The little nondescript place was a tiny thatched-roof public house on the edge of town, family-run, they had the tiniest tables and the best shepherd's pie I’d ever had. When the elderly mother, Meredith, died I had begged her daughter for the classic recipe to remember her by. She was much obliged and parted with it thankfully that it meant so much to me. 

“Really. I would go there with my Mam when I was little, hard to believe it’s no longer there.” Jamie shook his head in disbelief. 

“I would go there every Wednesday for-” 

“Live music, aye?” 

“Yes! What the hell, did you-?” 

Jamie nodded and laughed only harder. 

“How did we not meet each other sooner, Sassenach? Would have saved me a bit of heartache had we known each other then.” 

I took the sauce off the burner and poured it over the contents of the pie, Jamie was still shaking his head as he helped pile the mashed potatoes over the top and our hands brushed as we closed the oven. 

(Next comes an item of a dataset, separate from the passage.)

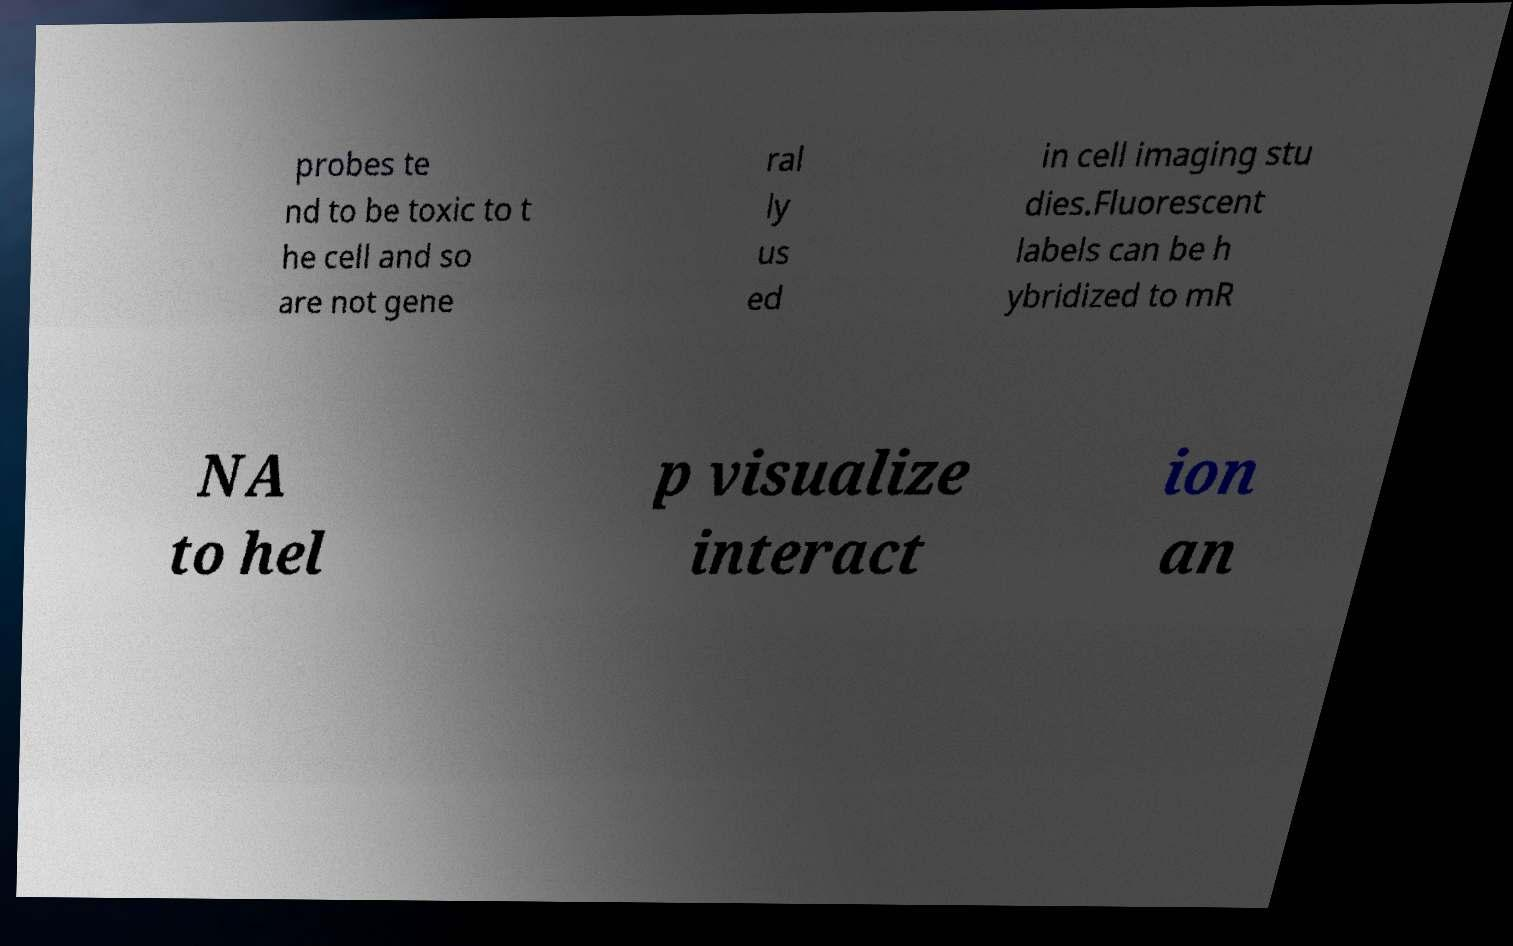For documentation purposes, I need the text within this image transcribed. Could you provide that? probes te nd to be toxic to t he cell and so are not gene ral ly us ed in cell imaging stu dies.Fluorescent labels can be h ybridized to mR NA to hel p visualize interact ion an

Free of our domestic duties, Jamie pulled me in and held me close. 

“Can I borrow you?” 

“You just did.” I laughed softly, my cheeks flaming still as he put his head on mine and swayed slowly with me in a circle. The light from the stovetop lit up the floorboards in the dim autumn light, our woolen socks slightly squeaked on the dark floor as we spun in a circle. 

For a moment, we hung together in space and time listening to the music and to the sound of each other’s breathing in the quiet. Whatever marvelous, magnetic string had bound us together, I knew it was a knot that would not come undone. 


End file.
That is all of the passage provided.